- EXERCISE AIM:
How many separate lines of the data contain "these"? Give the count and nothing else.

- THE INPUT:
○ ○ ○ ○ ○
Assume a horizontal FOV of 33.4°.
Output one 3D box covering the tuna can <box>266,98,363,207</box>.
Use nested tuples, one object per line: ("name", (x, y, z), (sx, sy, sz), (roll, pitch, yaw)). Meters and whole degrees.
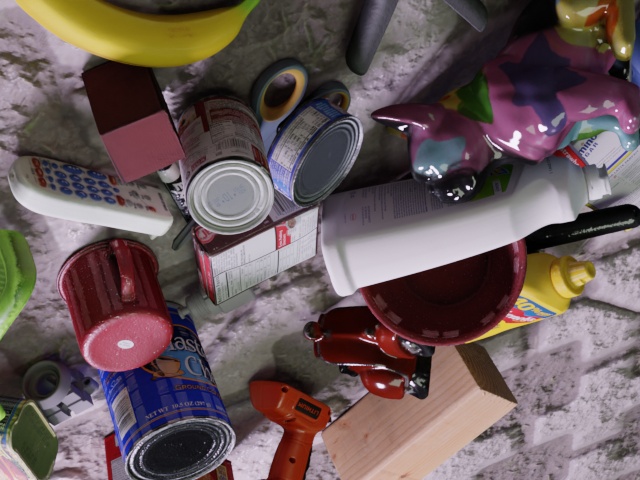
("tuna can", (-0.005, -0.071, 0.864), (0.086, 0.034, 0.086), (-42, 154, -26))

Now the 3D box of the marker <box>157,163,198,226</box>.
("marker", (-0.120, -0.044, 0.900), (0.020, 0.020, 0.121), (-25, 141, -1))

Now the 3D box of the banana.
("banana", (-0.136, -0.159, 0.755), (0.197, 0.037, 0.070), (0, 106, -33))

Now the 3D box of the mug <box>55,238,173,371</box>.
("mug", (-0.174, 0.051, 0.926), (0.093, 0.081, 0.117), (-5, 136, -24))

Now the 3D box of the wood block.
("wood block", (0.114, 0.210, 1.251), (0.206, 0.090, 0.090), (-42, 139, 18))

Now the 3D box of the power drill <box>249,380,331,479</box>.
("power drill", (-0.059, 0.248, 1.132), (0.057, 0.187, 0.184), (1, 158, 35))

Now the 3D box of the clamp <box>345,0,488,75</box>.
("clamp", (0.057, -0.201, 0.809), (0.120, 0.039, 0.171), (-31, 136, -2))

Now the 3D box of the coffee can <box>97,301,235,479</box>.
("coffee can", (-0.148, 0.141, 0.992), (0.102, 0.140, 0.103), (-15, 139, -14))

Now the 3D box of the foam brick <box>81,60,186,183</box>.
("foam brick", (-0.139, -0.093, 0.790), (0.051, 0.078, 0.053), (-21, 140, -4))

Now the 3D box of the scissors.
("scissors", (-0.065, -0.076, 0.885), (0.202, 0.016, 0.096), (-36, 136, 2))

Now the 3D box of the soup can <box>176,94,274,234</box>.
("soup can", (-0.074, -0.059, 0.819), (0.068, 0.102, 0.068), (-5, 125, -8))

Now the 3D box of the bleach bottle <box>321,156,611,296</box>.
("bleach bottle", (0.129, -0.023, 0.942), (0.251, 0.102, 0.068), (-12, 124, 10))

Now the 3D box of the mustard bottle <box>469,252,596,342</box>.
("mustard bottle", (0.195, 0.055, 1.086), (0.096, 0.058, 0.192), (27, 146, -34))

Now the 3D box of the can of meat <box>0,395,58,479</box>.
("can of meat", (-0.301, 0.183, 0.993), (0.084, 0.057, 0.102), (5, 142, 15))

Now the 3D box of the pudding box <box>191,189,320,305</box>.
("pudding box", (-0.056, 0.001, 0.944), (0.113, 0.039, 0.090), (-25, 153, -16))

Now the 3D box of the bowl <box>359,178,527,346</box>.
("bowl", (0.116, 0.019, 1.022), (0.162, 0.162, 0.055), (-33, 172, 9))

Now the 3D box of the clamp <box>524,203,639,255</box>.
("clamp", (0.211, 0.000, 1.089), (0.209, 0.036, 0.165), (8, 148, -24))
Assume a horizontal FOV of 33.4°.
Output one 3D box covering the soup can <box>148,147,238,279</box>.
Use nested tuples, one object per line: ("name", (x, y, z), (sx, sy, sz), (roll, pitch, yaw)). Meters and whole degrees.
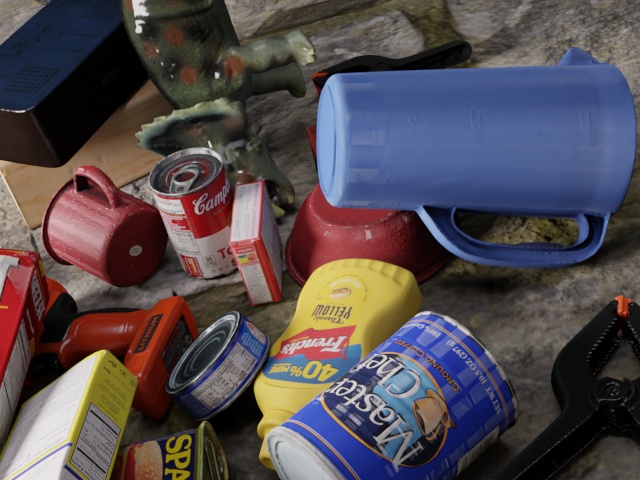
("soup can", (-0.107, -0.023, 0.963), (0.068, 0.102, 0.068), (-10, 38, 8))

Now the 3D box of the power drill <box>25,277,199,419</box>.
("power drill", (-0.208, 0.102, 0.881), (0.188, 0.057, 0.184), (1, 42, 21))

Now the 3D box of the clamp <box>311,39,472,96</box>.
("clamp", (0.076, -0.175, 1.136), (0.172, 0.039, 0.120), (11, 44, 31))

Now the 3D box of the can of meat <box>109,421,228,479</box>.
("can of meat", (-0.112, 0.184, 0.748), (0.084, 0.057, 0.102), (-15, 37, 7))

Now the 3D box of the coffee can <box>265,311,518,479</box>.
("coffee can", (0.049, 0.129, 0.720), (0.140, 0.103, 0.103), (-36, 42, -24))

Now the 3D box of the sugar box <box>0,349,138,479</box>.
("sugar box", (-0.184, 0.158, 0.735), (0.093, 0.048, 0.176), (-35, 24, 19))

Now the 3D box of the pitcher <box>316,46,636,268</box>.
("pitcher", (0.124, -0.071, 0.874), (0.242, 0.145, 0.149), (-1, 35, -9))

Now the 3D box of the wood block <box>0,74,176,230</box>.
("wood block", (-0.239, -0.109, 1.127), (0.206, 0.090, 0.091), (-27, 40, -14))

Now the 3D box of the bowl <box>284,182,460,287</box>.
("bowl", (0.041, -0.020, 0.946), (0.162, 0.055, 0.162), (-10, 39, 8))

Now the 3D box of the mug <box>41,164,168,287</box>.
("mug", (-0.196, -0.016, 0.980), (0.082, 0.117, 0.093), (24, 43, 33))

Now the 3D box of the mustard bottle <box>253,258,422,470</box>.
("mustard bottle", (0.002, 0.095, 0.814), (0.096, 0.058, 0.191), (3, 42, 30))

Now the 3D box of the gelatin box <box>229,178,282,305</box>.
("gelatin box", (-0.056, 0.001, 0.938), (0.030, 0.073, 0.089), (-10, 38, 7))

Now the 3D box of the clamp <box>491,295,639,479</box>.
("clamp", (0.193, 0.119, 0.734), (0.165, 0.036, 0.210), (-6, 37, 16))

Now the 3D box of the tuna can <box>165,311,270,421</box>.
("tuna can", (-0.080, 0.096, 0.828), (0.086, 0.033, 0.086), (-42, 17, 15))
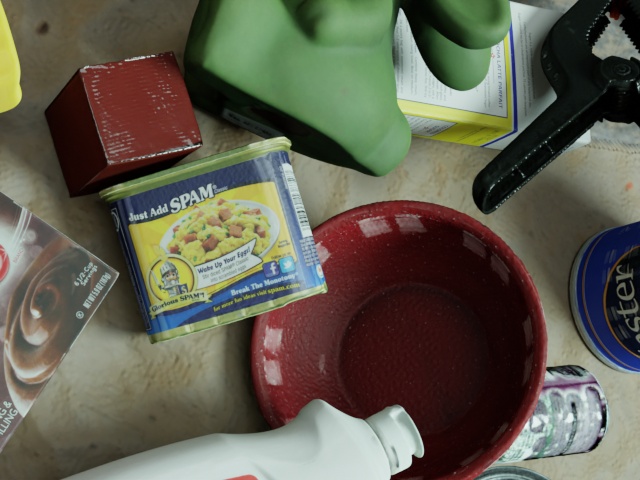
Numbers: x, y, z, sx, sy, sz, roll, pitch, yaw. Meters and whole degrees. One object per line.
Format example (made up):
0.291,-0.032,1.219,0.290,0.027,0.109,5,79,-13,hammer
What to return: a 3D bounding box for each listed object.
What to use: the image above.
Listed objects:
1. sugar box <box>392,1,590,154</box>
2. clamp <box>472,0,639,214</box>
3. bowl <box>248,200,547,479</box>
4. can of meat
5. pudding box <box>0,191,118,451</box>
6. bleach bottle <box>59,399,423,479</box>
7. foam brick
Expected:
0.091,-0.111,0.685,0.175,0.048,0.093,7,75,-30,sugar box
0.191,-0.086,0.646,0.165,0.036,0.209,10,53,13,clamp
0.045,0.062,0.589,0.162,0.055,0.162,-4,75,15,bowl
-0.054,0.001,0.560,0.102,0.057,0.084,-17,89,5,can of meat
-0.168,0.037,0.520,0.090,0.039,0.113,37,64,-15,pudding box
-0.069,0.135,0.501,0.250,0.068,0.102,-23,93,-16,bleach bottle
-0.104,-0.059,0.553,0.052,0.078,0.051,-15,87,-29,foam brick
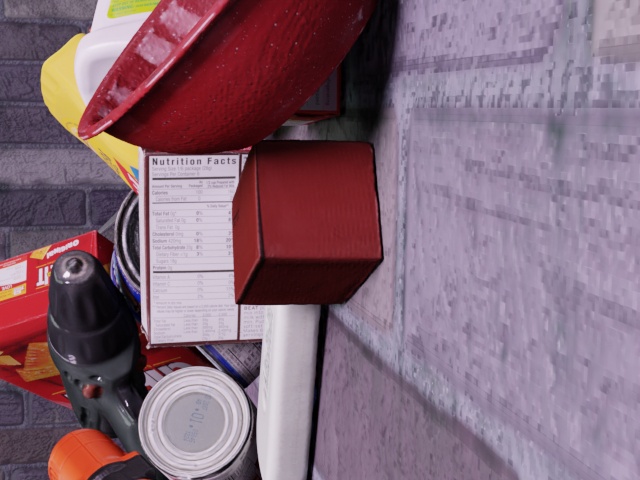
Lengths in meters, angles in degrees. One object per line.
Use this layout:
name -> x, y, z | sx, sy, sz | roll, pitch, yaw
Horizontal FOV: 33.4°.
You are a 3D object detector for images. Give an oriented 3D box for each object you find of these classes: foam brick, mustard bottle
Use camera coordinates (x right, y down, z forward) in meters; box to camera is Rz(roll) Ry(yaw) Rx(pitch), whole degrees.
foam brick -> -0.008, -0.006, 0.464 | 0.078, 0.051, 0.053 | 124, 145, -69
mustard bottle -> -0.091, -0.042, 0.667 | 0.192, 0.058, 0.096 | 44, 169, 16

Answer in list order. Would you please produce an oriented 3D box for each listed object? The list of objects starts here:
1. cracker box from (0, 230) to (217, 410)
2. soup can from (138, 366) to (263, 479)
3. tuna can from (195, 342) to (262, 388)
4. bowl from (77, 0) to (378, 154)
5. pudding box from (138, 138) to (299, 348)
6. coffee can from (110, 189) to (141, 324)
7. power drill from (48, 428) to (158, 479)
cracker box -> -0.207, 0.081, 0.944 | 0.213, 0.164, 0.072 | 46, -148, -57
soup can -> -0.067, 0.123, 0.650 | 0.102, 0.068, 0.068 | 77, -174, -66
tuna can -> -0.067, 0.054, 0.669 | 0.086, 0.033, 0.086 | 44, 170, 9
bowl -> -0.026, -0.089, 0.428 | 0.162, 0.055, 0.162 | -44, 21, 21
pudding box -> -0.054, 0.001, 0.587 | 0.039, 0.090, 0.113 | -130, 41, -71
coffee can -> -0.102, 0.011, 0.787 | 0.140, 0.102, 0.103 | 136, 132, -74
power drill -> -0.096, 0.220, 0.652 | 0.185, 0.057, 0.187 | 25, 134, 57
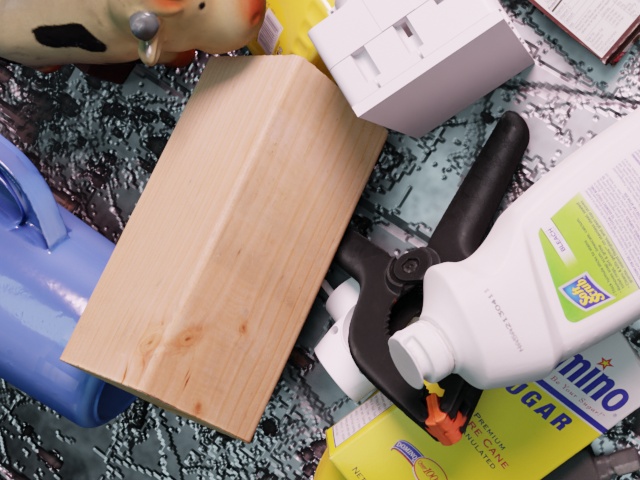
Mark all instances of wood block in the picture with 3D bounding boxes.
[{"bbox_3d":[-0.054,0.001,0.632,0.091,0.090,0.206,10,71,47],"label":"wood block"}]

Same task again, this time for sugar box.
[{"bbox_3d":[0.100,0.100,0.625,0.176,0.048,0.093,-38,102,9],"label":"sugar box"}]

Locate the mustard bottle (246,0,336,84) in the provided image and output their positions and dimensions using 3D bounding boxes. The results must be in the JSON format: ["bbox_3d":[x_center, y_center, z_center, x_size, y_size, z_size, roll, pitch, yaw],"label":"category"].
[{"bbox_3d":[-0.049,-0.184,0.680,0.058,0.096,0.192,-32,76,-27],"label":"mustard bottle"}]

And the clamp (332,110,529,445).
[{"bbox_3d":[0.066,0.017,0.620,0.165,0.036,0.210,-26,46,13],"label":"clamp"}]

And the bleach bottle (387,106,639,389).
[{"bbox_3d":[0.141,-0.004,0.562,0.250,0.068,0.102,-29,80,-18],"label":"bleach bottle"}]

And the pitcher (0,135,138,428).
[{"bbox_3d":[-0.215,0.011,0.709,0.243,0.149,0.145,31,85,12],"label":"pitcher"}]
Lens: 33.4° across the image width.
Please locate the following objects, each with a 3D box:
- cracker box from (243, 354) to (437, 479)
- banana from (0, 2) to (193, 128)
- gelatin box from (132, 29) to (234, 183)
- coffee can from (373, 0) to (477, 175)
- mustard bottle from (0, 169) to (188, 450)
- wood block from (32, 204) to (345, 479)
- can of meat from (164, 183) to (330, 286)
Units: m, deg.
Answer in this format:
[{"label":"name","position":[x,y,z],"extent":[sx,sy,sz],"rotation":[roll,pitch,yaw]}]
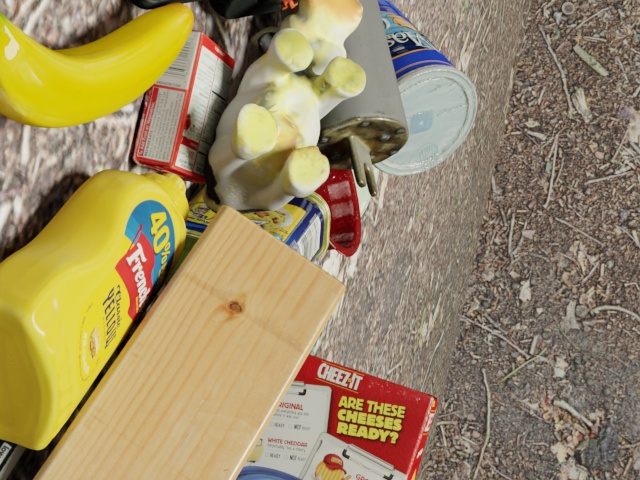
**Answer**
[{"label":"cracker box","position":[-0.006,0.214,0.940],"extent":[0.072,0.164,0.213],"rotation":[41,67,-76]},{"label":"banana","position":[-0.115,-0.089,0.526],"extent":[0.070,0.037,0.197],"rotation":[-58,171,16]},{"label":"gelatin box","position":[-0.087,-0.085,0.686],"extent":[0.073,0.030,0.089],"rotation":[17,85,-77]},{"label":"coffee can","position":[0.053,-0.136,0.899],"extent":[0.103,0.102,0.140],"rotation":[88,-23,-43]},{"label":"mustard bottle","position":[-0.120,0.016,0.578],"extent":[0.191,0.058,0.096],"rotation":[-60,159,-52]},{"label":"wood block","position":[-0.080,0.095,0.610],"extent":[0.206,0.091,0.090],"rotation":[-58,-176,-28]},{"label":"can of meat","position":[-0.055,0.001,0.737],"extent":[0.083,0.102,0.057],"rotation":[-54,153,-54]}]
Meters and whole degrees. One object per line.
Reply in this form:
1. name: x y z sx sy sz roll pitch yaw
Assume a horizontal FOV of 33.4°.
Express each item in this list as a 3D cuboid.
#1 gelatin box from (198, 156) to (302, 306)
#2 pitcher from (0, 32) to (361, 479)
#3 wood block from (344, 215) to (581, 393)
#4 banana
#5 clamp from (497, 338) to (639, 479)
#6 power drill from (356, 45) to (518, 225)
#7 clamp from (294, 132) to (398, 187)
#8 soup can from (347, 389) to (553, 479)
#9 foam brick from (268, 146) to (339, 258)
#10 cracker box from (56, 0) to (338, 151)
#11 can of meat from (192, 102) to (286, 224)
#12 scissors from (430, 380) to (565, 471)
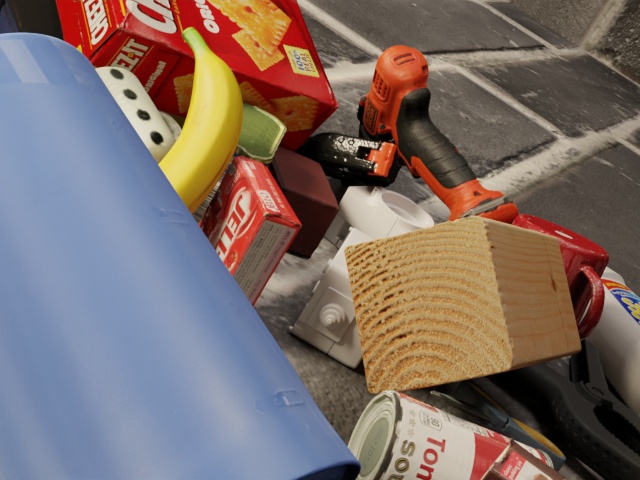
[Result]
1. gelatin box: -0.055 0.001 0.699 0.030 0.089 0.073 16 27 -31
2. pitcher: -0.092 0.033 0.464 0.144 0.149 0.243 -24 68 -19
3. wood block: 0.101 0.043 0.701 0.205 0.090 0.091 8 70 -65
4. banana: -0.099 -0.049 0.689 0.069 0.037 0.197 22 63 8
5. clamp: 0.206 0.127 0.820 0.164 0.036 0.210 10 26 -39
6. power drill: 0.092 -0.054 0.950 0.057 0.184 0.188 -24 64 -17
7. clamp: 0.006 -0.074 0.926 0.120 0.039 0.172 11 -4 -18
8. soup can: 0.071 0.133 0.604 0.102 0.069 0.068 24 24 -13
9. foam brick: -0.026 -0.032 0.850 0.051 0.053 0.078 19 26 -24
10. cracker box: -0.101 -0.175 0.853 0.213 0.072 0.164 14 45 -42
11. can of meat: -0.070 -0.050 0.794 0.057 0.084 0.102 28 23 -5
12. scissors: 0.096 0.104 0.687 0.201 0.016 0.096 35 2 -45
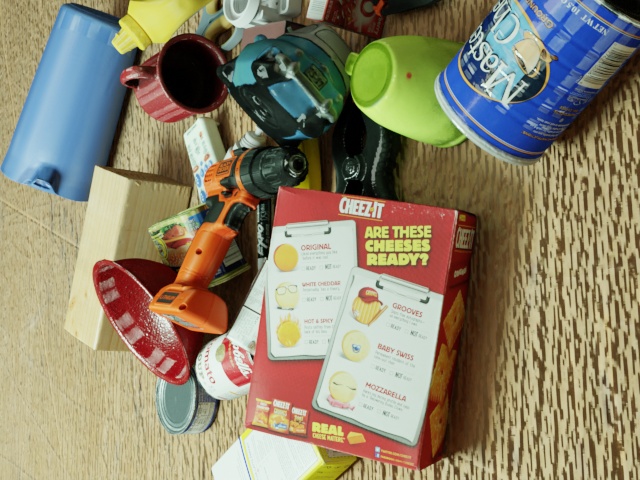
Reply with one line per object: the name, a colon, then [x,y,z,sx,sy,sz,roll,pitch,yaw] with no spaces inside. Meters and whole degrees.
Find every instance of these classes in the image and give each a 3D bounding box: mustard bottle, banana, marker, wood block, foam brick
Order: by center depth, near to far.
banana: [-0.024,-0.079,1.083,0.070,0.037,0.198,128,137,-59]
foam brick: [-0.041,-0.193,1.103,0.078,0.052,0.051,4,88,52]
marker: [-0.057,0.001,1.122,0.020,0.020,0.121,-12,75,50]
mustard bottle: [-0.151,-0.273,1.171,0.191,0.058,0.096,-42,28,-6]
wood block: [-0.233,0.022,1.284,0.090,0.090,0.206,21,101,51]

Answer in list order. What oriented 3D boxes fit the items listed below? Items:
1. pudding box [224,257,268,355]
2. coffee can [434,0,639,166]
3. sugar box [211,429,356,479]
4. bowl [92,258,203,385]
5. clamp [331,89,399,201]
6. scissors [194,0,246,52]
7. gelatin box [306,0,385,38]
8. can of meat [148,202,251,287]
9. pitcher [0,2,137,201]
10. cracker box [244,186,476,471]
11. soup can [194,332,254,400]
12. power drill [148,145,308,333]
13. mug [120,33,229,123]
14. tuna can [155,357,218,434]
pudding box: [-0.021,0.079,0.997,0.114,0.039,0.090,27,89,18]
coffee can: [0.166,-0.140,0.793,0.140,0.102,0.103,-51,48,34]
sugar box: [-0.040,0.219,1.048,0.176,0.048,0.093,-52,46,38]
bowl: [-0.176,0.076,1.155,0.162,0.055,0.162,36,146,29]
clamp: [0.034,-0.058,1.000,0.120,0.039,0.171,-16,71,41]
scissors: [-0.148,-0.253,1.279,0.202,0.016,0.096,-5,80,51]
gelatin box: [0.033,-0.242,1.001,0.030,0.073,0.089,25,103,50]
can of meat: [-0.134,0.008,1.163,0.102,0.057,0.084,-16,99,50]
pitcher: [-0.324,-0.184,1.415,0.149,0.144,0.243,30,105,36]
cracker box: [0.035,0.070,0.909,0.164,0.072,0.214,9,91,24]
soup can: [-0.074,0.121,1.087,0.102,0.068,0.068,-28,64,47]
power drill: [-0.088,-0.004,1.034,0.185,0.057,0.187,-7,56,64]
mug: [-0.172,-0.182,1.222,0.082,0.117,0.093,-13,81,55]
tuna can: [-0.150,0.175,1.202,0.086,0.033,0.086,-10,77,51]
○ ○ ○ ○ ○
- RESULT FOR THIS EXERCISE:
2